Pas le temps de rêvasser devant cette jolie vue. Un ciné-concert nous attend. Nous rejoignons la salle et prenons place, le sourire aux lèvres, persuadées de passer ces premières heures de la journée dans les meilleures conditions qui soit. Et en effet, nous ne sommes pas déçues ! Fred Escoffier qui a pour habitude d’accompagner les ciné-concerts à l’Institut Lumière prend place derrière le piano et, après une introduction par Gian Luca Farinelli, directeur de la Cinémathèque de Bologne, nous plongeons dans le monde de Buster Keaton avec Les Trois Âges, réalisé par Keaton et Eddie Cline en 1923.
Ce film, perdu pendant des années, est le premier long-métrage produit, réalisé et interprété par Buster Keaton. Ce format inhabituel pour lui, lui permet de raconter une histoire d’amour à trois époques différentes : la préhistoire, la Rome Antique et les Temps modernes. Mais au final, on se rend compte que chaque période pourrait fonctionner seule. C’était en effet le plan B du réalisateur ; En cas de problème lors de la réalisation ou du montage, Keaton avait prévu de créer trois court-métrages tournant autour de l’idée de la naissance d’une histoire d’amour. Mais il n’en eut pas besoin et le long-métrage d’un petit peu plus d’une heure, fut distribué tel que nous le voyons aujourd’hui. Ou presque ! La détérioration des différentes copies nous privera pour toujours, de quelques scènes.

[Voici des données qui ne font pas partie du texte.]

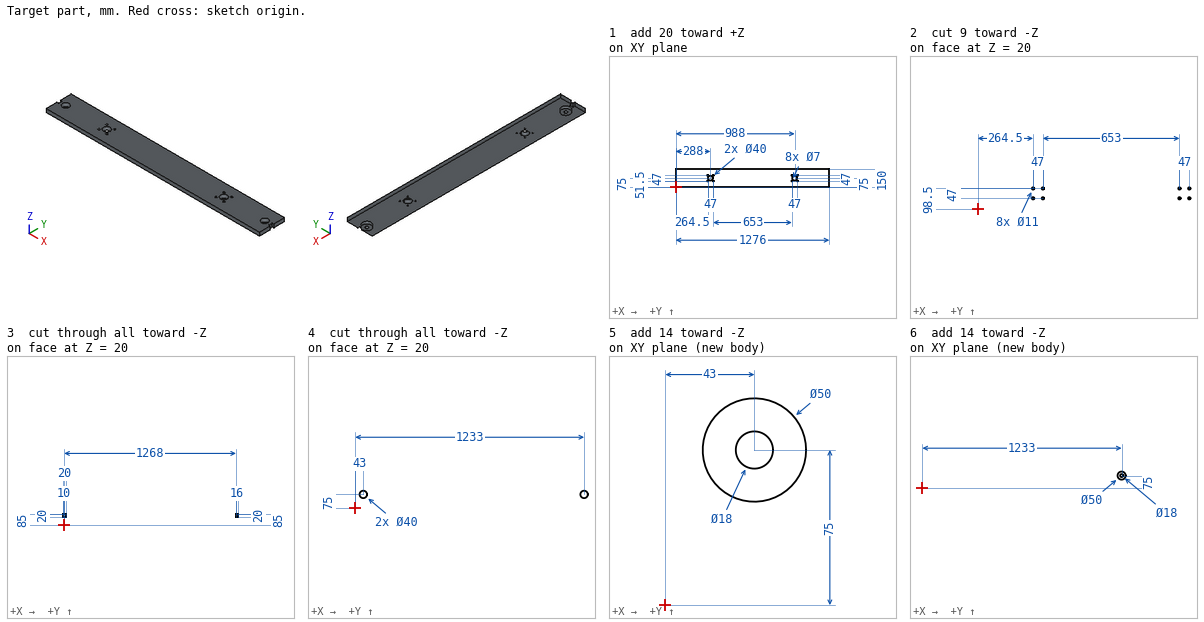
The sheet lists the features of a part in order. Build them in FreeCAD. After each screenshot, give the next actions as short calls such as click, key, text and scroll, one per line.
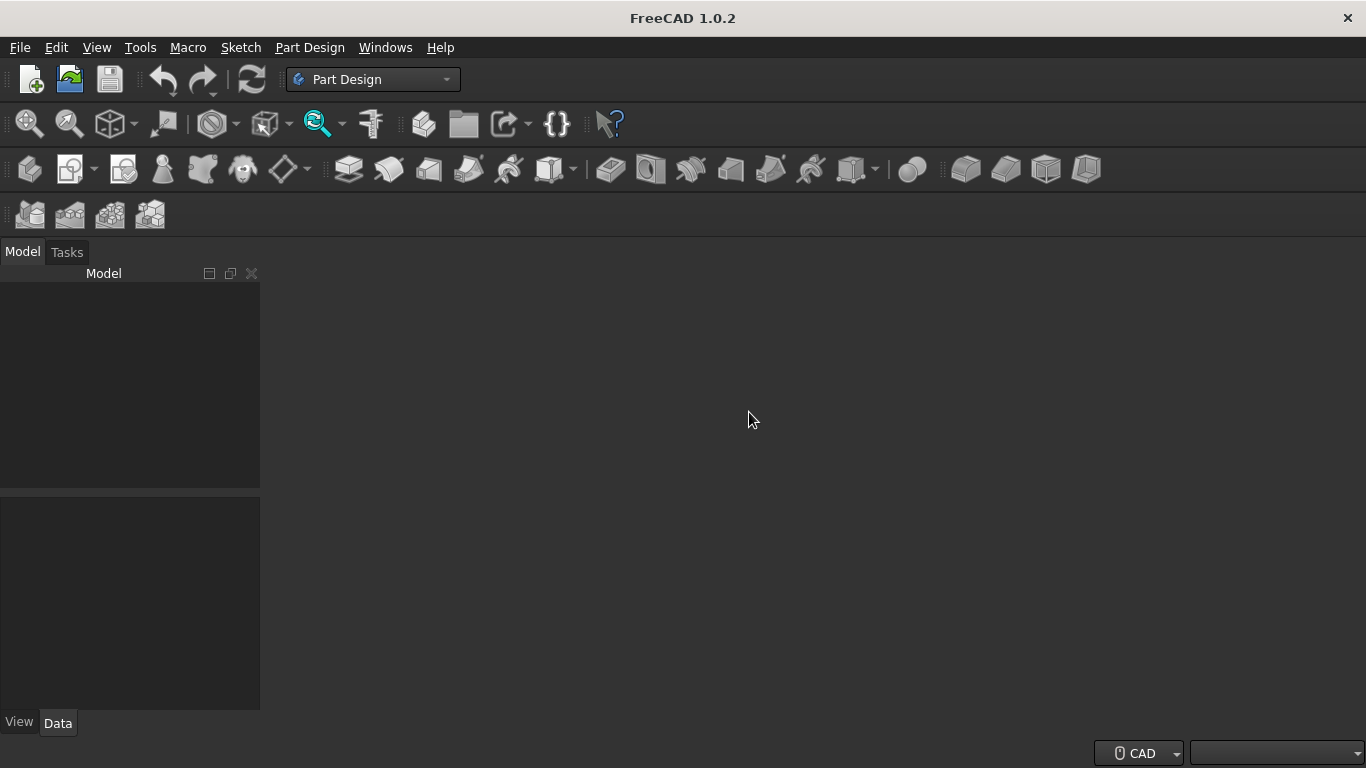
click(30, 80)

Malgré tout, le film reste plutôt réussi. Il n’est certes pas à la hauteur de l’immense Mécano de la Général (1926) mais l’acteur/réalisateur parvient sans mal, par ses idées et sa gestuelle, à tirer rire et sourire chez les spectateur.trice.s (mention spéciale pour l’excellente scène avec le lion). Il y a une certaine inégalité entre les trois périodes représenter et il est clair que la Rome Antique et les Temps modernes sont plus développés que la Pré-histoire, mais l’ensemble fonctionne bien et par ce choix scénaristique étonnant (une même histoire à trois époques), Keaton parvient à montrer l’évolution de la société et ses moeurs.
L’accompagnement au piano donne évidemment une force toute particulière à l’oeuvre projetée ce matin-là. C’est là la magie des ciné-concerts !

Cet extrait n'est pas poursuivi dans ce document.